I was an ugly child. Buck teeth, freckles, pasty white, rail thin, and red hair sculpted into a mullet. My personal slogan: business in the front, party in the back. It’s not a pretty picture, let me tell you. But thankfully, for most of my childhood, I didn’t know I was ugly; I was just... me. Playing with my Barbie, blissfully oblivious to her universal status as the classic blonde bombshell; the epitome of the perfect female. The women around me were not weight-obsessed. Grandmother chewed on the salt meat bone. Mom never wore a speck of makeup. I had no prissy older sister to idolize, just a brother who kicked my ass at Jeopardy and taught me how to catch. My dad wore mismatched clothes, sometimes on backwards (true story); he was as far away from vanity as humanly possible. Nobody ever told me I was beautiful, and nobody ever told me I was ugly. Maybe the mullet rendered people speechless. Or maybe I was valued for humor, intelligence, and honesty; that’s the long and the short of it.

But inevitably, adolescence happened and opened my eyes to the female ideal that I clearly did not represent. I suddenly became aware of my particular weight issue – I was too skinny! The actresses on television were thin, but they were shapely, womanly, sexy thin. Unlike Blair on The Facts of Life, I was a piece of two by four with fly-bites for boobs, wearing long-johns inside my jeans in a pathetic attempt to look more like an hourglass and less like a human erection. Mom and her friend poked fun at me, cautioning me not to run up the stairs too fast – “You might get two black eyes!” Laugh it up, ladies of large fun bags. To a 10-year-old girl, that stings. And clearly, it sticks to the memory, forever deeming me, at least a little, that insecure little girl.

I turned out okay, stronger and wiser for the experience. But I can see how some girls end up down a bad, bad path. Girls who idolize Britney Spears and her bare midriff, who look up to calorie-counting parental figures who remind them to lay off the cookies – not because cookies are unhealthy, but because they make you fat, and nobody wants a fat girl. What does that do to a young mind? – The mind of a girl who’s just trying to find herself in the first place. She finds herself not good enough, forever pursuing a goal she will never achieve. I hear about girls with anorexia, turned into something they never intended to be, trapped in a house of mirrors – in none of which they see their true selves. How do they escape that skewed perception? How do they reprogram their brains? There is no prescription for perfection. There is no perfection.

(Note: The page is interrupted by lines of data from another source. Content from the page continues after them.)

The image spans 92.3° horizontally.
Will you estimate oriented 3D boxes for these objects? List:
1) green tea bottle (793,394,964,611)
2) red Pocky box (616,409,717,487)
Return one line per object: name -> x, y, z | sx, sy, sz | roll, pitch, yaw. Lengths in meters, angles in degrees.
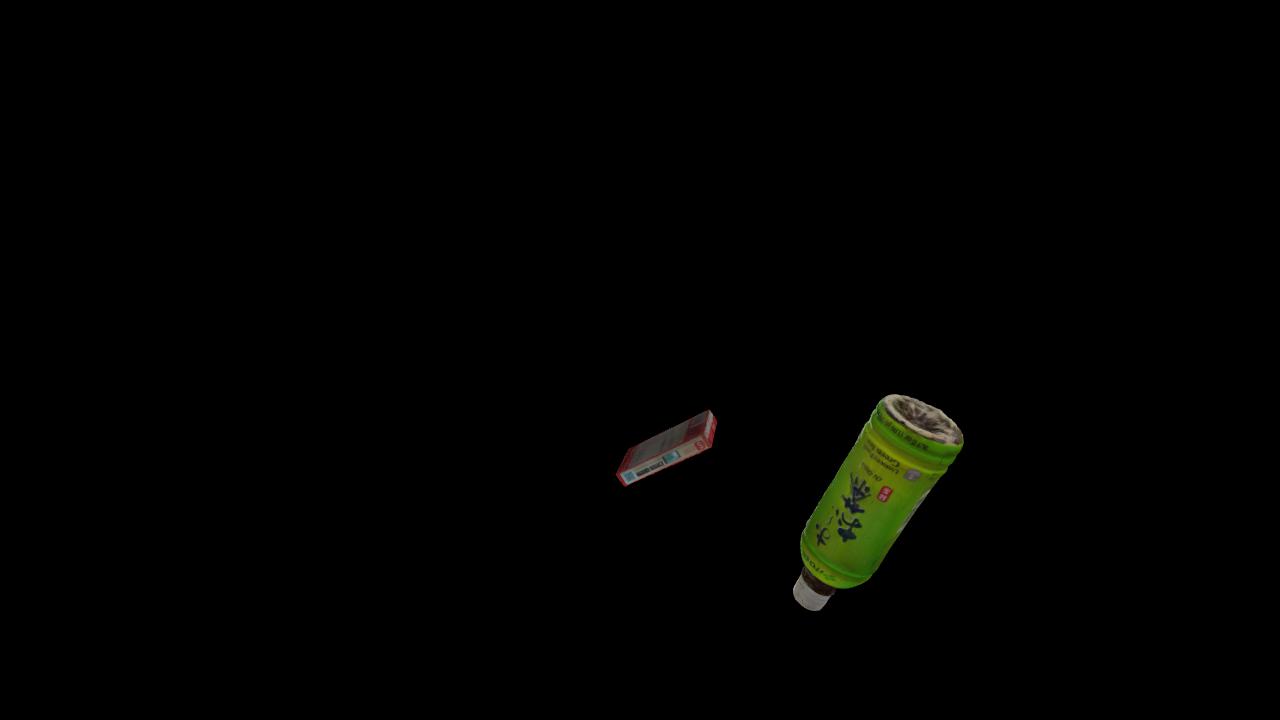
green tea bottle -> 0.189, 0.132, 0.523 | 0.073, 0.212, 0.073 | 16, 25, -7
red Pocky box -> 0.041, 0.132, 0.920 | 0.155, 0.028, 0.083 | -29, 13, 22
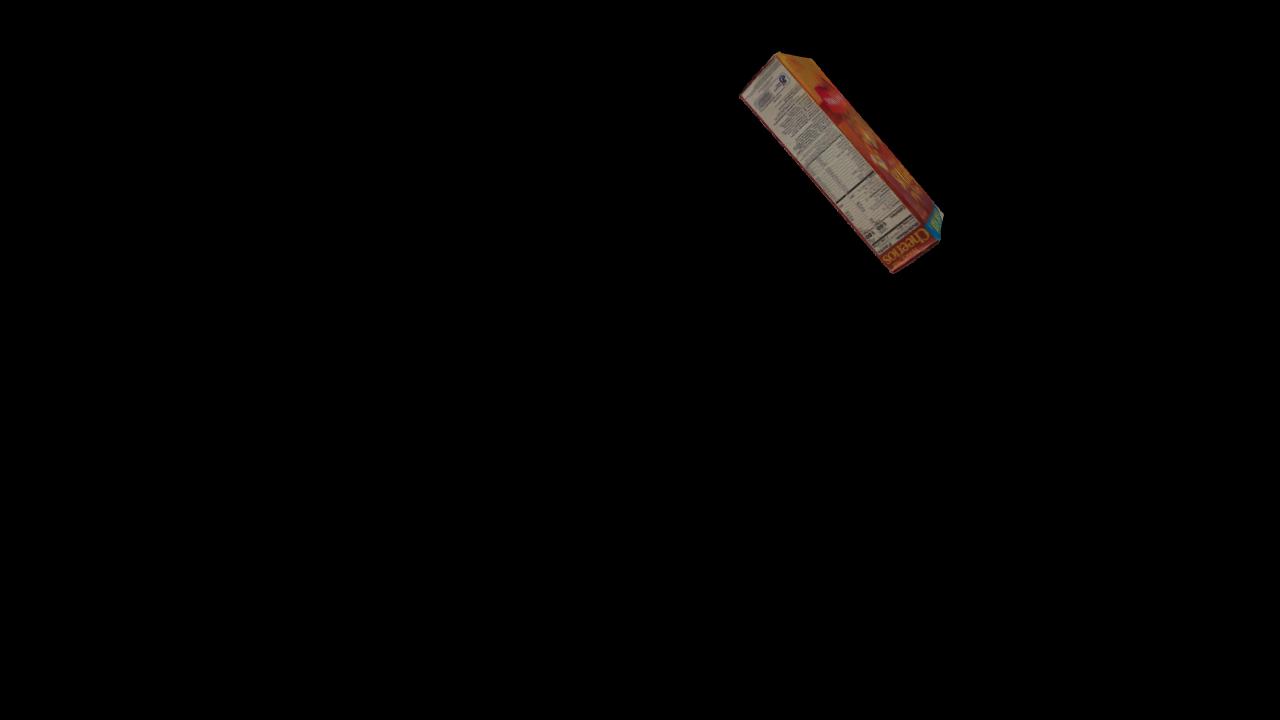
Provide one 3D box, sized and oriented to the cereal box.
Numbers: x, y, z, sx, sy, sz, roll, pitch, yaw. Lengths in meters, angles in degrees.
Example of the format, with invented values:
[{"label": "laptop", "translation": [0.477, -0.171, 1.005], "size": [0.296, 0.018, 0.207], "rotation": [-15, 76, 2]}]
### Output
[{"label": "cereal box", "translation": [0.285, -0.273, 0.835], "size": [0.081, 0.306, 0.203], "rotation": [-42, -2, 34]}]
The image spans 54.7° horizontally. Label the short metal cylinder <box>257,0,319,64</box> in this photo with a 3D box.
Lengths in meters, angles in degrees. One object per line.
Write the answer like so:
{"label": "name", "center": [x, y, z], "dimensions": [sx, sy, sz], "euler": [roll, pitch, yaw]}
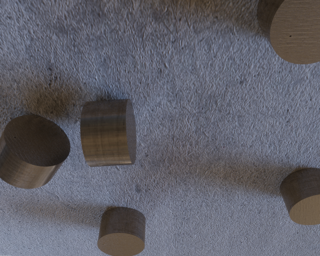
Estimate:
{"label": "short metal cylinder", "center": [0.141, -0.109, 0.299], "dimensions": [0.081, 0.050, 0.079], "euler": [0, 130, 0]}

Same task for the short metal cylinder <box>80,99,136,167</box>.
{"label": "short metal cylinder", "center": [-0.059, 0.006, 0.375], "dimensions": [0.050, 0.080, 0.080], "euler": [-4, 130, 3]}

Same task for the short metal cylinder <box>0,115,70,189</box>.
{"label": "short metal cylinder", "center": [-0.163, 0.030, 0.395], "dimensions": [0.080, 0.080, 0.050], "euler": [28, 125, -22]}

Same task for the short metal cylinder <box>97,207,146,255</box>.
{"label": "short metal cylinder", "center": [-0.066, 0.184, 0.547], "dimensions": [0.081, 0.050, 0.079], "euler": [0, 130, 0]}

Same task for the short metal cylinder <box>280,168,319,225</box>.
{"label": "short metal cylinder", "center": [0.236, 0.108, 0.485], "dimensions": [0.081, 0.050, 0.079], "euler": [0, 130, 0]}
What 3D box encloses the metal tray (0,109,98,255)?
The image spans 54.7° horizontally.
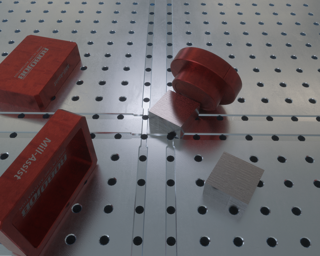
[{"bbox_3d":[-0.115,0.056,0.317,0.030,0.090,0.130,17,52,14],"label":"metal tray"}]

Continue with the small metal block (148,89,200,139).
[{"bbox_3d":[0.020,-0.020,0.424,0.050,0.025,0.050,27,55,21],"label":"small metal block"}]

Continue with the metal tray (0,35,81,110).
[{"bbox_3d":[-0.193,-0.090,0.479,0.090,0.030,0.130,12,51,10],"label":"metal tray"}]

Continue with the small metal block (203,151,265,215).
[{"bbox_3d":[0.084,0.062,0.356,0.050,0.025,0.050,26,54,20],"label":"small metal block"}]

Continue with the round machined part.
[{"bbox_3d":[0.055,-0.059,0.415,0.098,0.098,0.042,27,76,21],"label":"round machined part"}]
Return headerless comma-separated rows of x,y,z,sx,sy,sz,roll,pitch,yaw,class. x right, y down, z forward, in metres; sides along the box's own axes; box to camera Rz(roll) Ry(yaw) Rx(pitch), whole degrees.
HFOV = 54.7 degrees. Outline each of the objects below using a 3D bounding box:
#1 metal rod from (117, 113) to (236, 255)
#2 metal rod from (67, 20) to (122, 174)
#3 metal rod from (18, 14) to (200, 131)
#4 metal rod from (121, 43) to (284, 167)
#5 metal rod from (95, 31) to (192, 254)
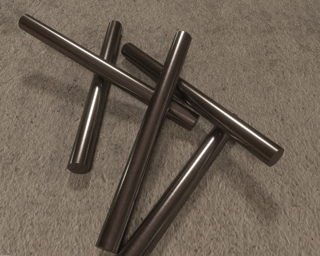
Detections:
0.011,0.083,0.333,0.025,0.025,0.301,28,55,21,metal rod
-0.088,-0.067,0.458,0.025,0.025,0.300,3,50,2,metal rod
-0.079,-0.083,0.439,0.301,0.025,0.025,32,56,11,metal rod
0.036,-0.049,0.421,0.025,0.025,0.300,-29,49,-23,metal rod
-0.009,-0.005,0.374,0.025,0.025,0.300,13,61,10,metal rod

I thank God my child is a boy. But I know he’s not entirely exempt from it all, so, just as I would a girl, I shall try my best to teach him what’s truly important – kindness, compassion, courage, integrity – and hope to God it takes, and stays with him when he’s no longer safely tucked under my wing. I can’t put him in a bubble, away from this materialistic world. But I can show him. That true beauty is in the trees, red and brown and gold in autumn’s cool breath. It’s in a perfectly still lake on a windless day. It’s in the symmetry of wooden slabs sloping to the sea, dotted with multi-coloured boats awaiting the next fine day. It’s in the silky smooth coat of a puppy with four paws in the air, relishing a morning belly rub. And it’s inside the people around him – of all shapes and colours and sizes, who are kind and funny and honest and unique, if only we take the time to look beneath the surface.

2 comments:

  1. Could never say it better than that. Bravo. I will now send this to women who will really relate and enjoy this. Thank you.